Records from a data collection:
-------------------------

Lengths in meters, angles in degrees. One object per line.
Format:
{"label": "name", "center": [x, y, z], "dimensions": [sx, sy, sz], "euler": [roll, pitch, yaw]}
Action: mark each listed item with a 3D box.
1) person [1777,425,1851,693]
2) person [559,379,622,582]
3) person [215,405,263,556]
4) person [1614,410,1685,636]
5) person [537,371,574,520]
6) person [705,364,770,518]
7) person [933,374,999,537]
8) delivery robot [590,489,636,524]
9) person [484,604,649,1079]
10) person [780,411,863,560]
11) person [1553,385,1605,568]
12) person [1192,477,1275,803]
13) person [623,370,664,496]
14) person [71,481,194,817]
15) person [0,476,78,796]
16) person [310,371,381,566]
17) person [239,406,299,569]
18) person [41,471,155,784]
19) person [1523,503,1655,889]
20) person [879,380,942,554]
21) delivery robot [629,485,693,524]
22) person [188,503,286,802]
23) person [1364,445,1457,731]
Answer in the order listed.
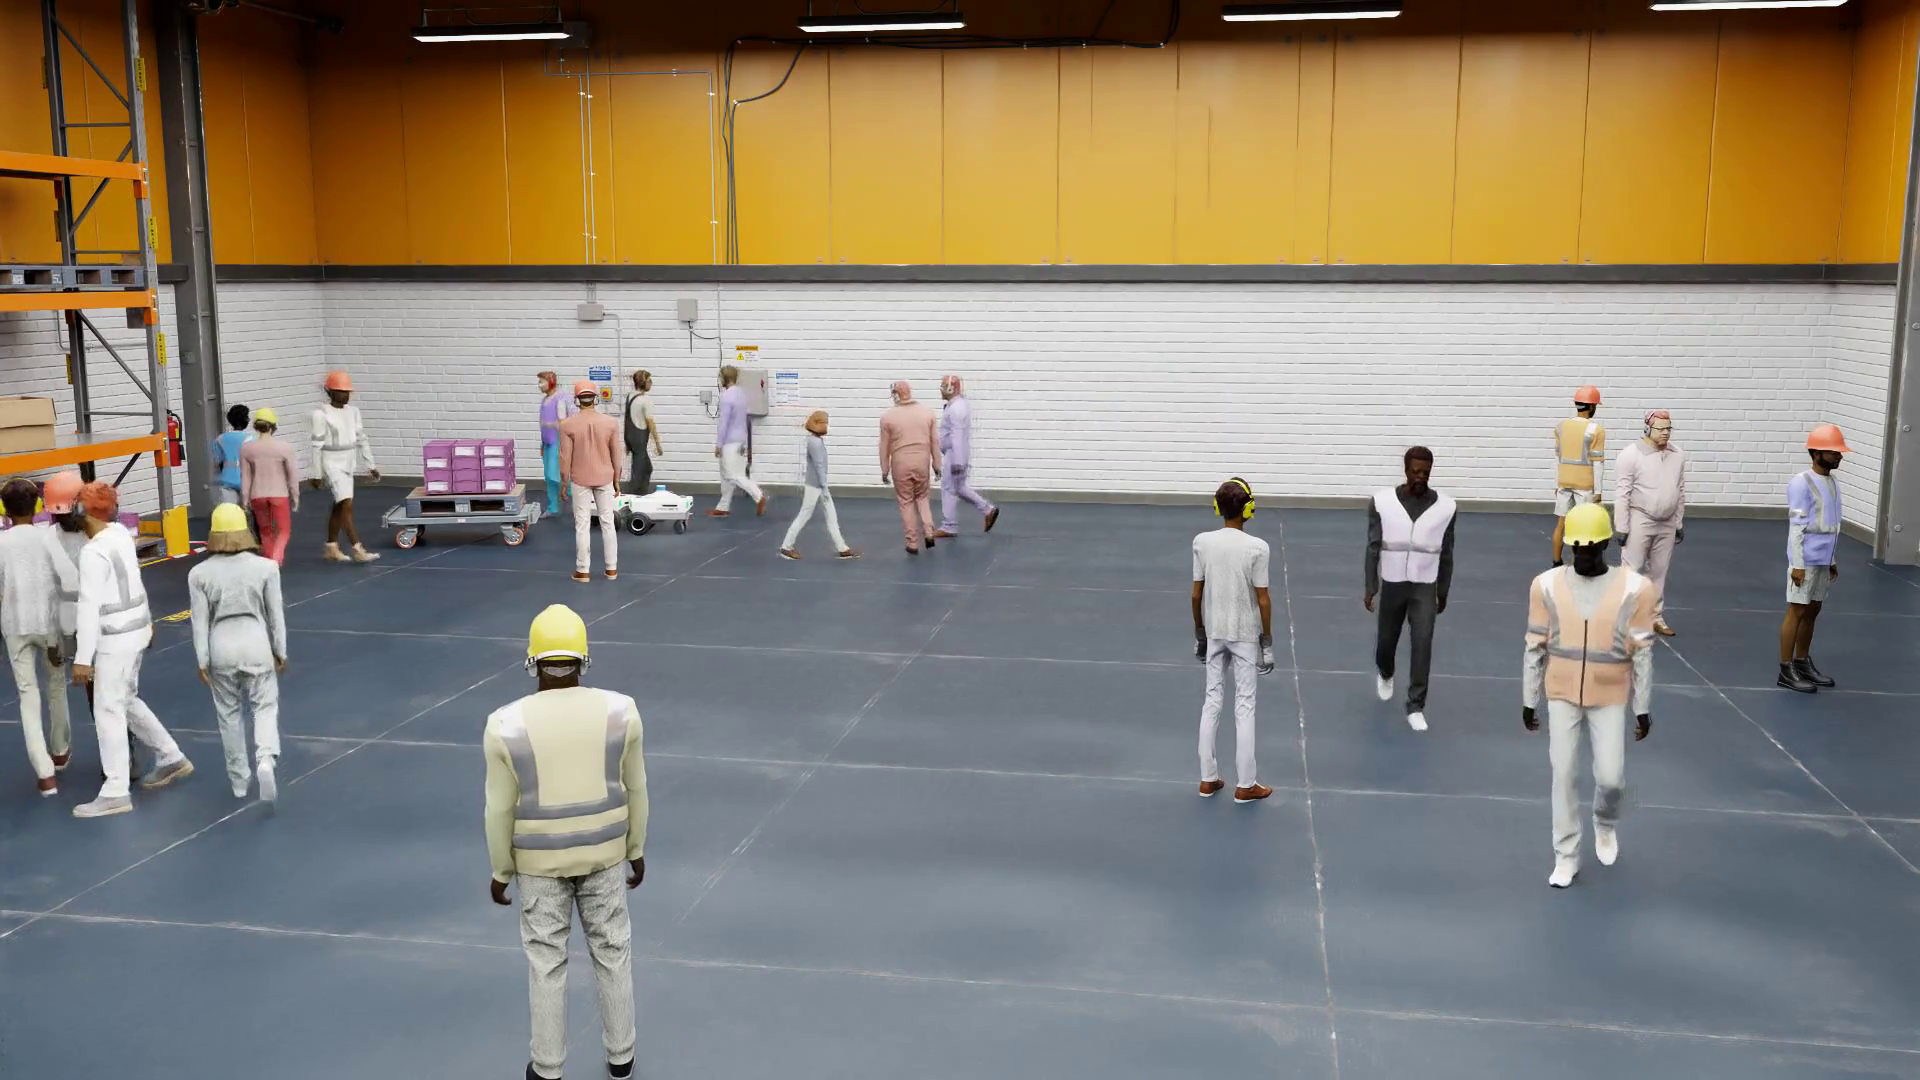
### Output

-------------------------

Please copy the lines above, starting at the one that holds "15) person [0,476,78,796]" and stopping after the last line, exactly as they appear and minus the pictures.

Result of this task:
15) person [0,476,78,796]
16) person [310,371,381,566]
17) person [239,406,299,569]
18) person [41,471,155,784]
19) person [1523,503,1655,889]
20) person [879,380,942,554]
21) delivery robot [629,485,693,524]
22) person [188,503,286,802]
23) person [1364,445,1457,731]
Answer in the order listed.
### Output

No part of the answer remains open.